I am trying to solve a paper and have a basic question which I am unable to understand.
Given a line segment $[0,a]$, two points $x,y$ are randomly selected such that $\mathcal{D} = |x-y| \leq l$. So the CDF would be
$$P(L \leq l) = \iint_{\mathcal D}\mathcal{D}f_{XY}(x,y)dxdy,$$
where $f_{XY}(x,y) = \frac{1}{a^2}$ when $0 \leq x,y \leq a$, else $f_{XY}(x,y) = 0$
Now I dont understand how the author says, taking into account the bounds of both $\mathcal{D}$ and $f_{XY}(x,y)$, the CDF for distance distribution is as follows:
$$P(L\leq l) = \frac{1}{a^2}\Big(\int_0^l\int_0^{x+l}dydx + \int_l^{a-l}\int_{x-l}^{x+l}dydx + \int_{a-l}^a\int_{x-l}^{a}dydx\Big)$$
Can someone explain 'geometrically' how this expression appears?
The actual problem is attached as the figure below.
The text is cutting a corner here by not saying why this works for $l\gt\frac a2$. I'll first explain it for $l\le\frac a2$.
The outer integration is over $x$, the inner integration is over $y$. We need to distinguish three cases for the outer integration because the bounds for $y$ are different in each case.

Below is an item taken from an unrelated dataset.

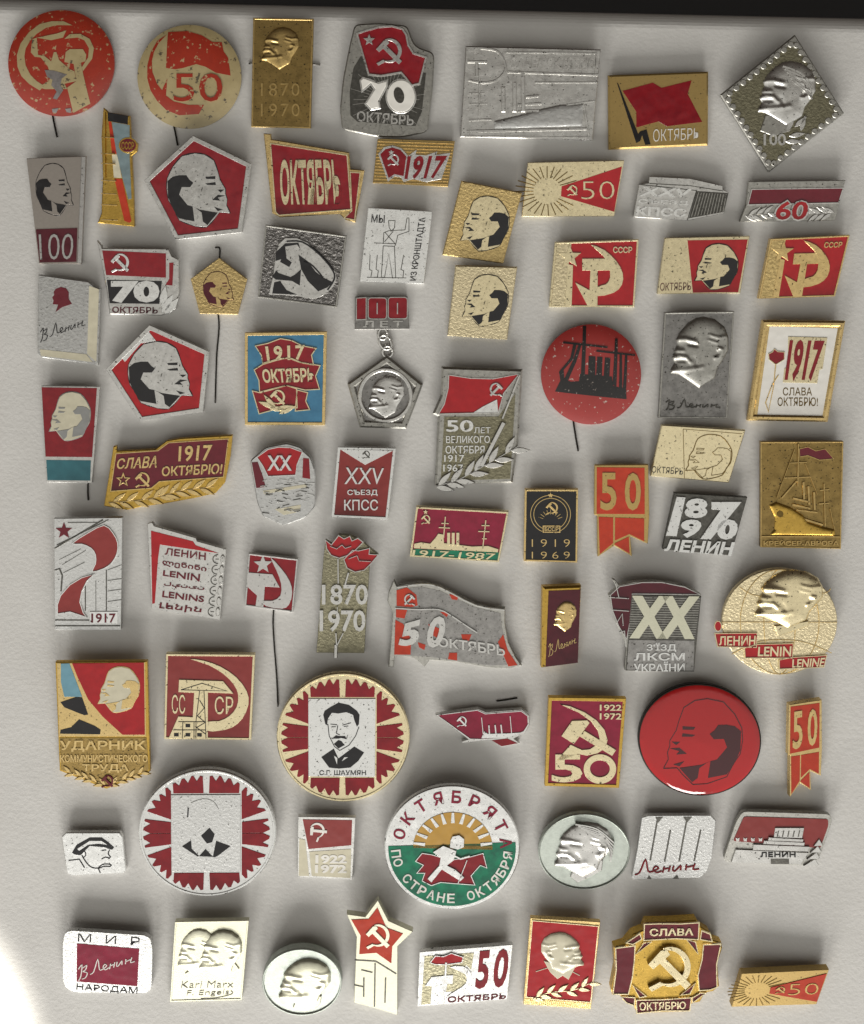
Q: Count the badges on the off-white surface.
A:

Now comes the tricky part: If $l\gt\frac a2$, the second double integral has the limit for $x$ reversed, so it's negative. This is exactly what we need to cancel the overcounting due to the fact that for $x\in[a-l,l]$, in the first and third double integrals the limits $x+l$ and $x-l$, respectively, went beyond $[0,a]$.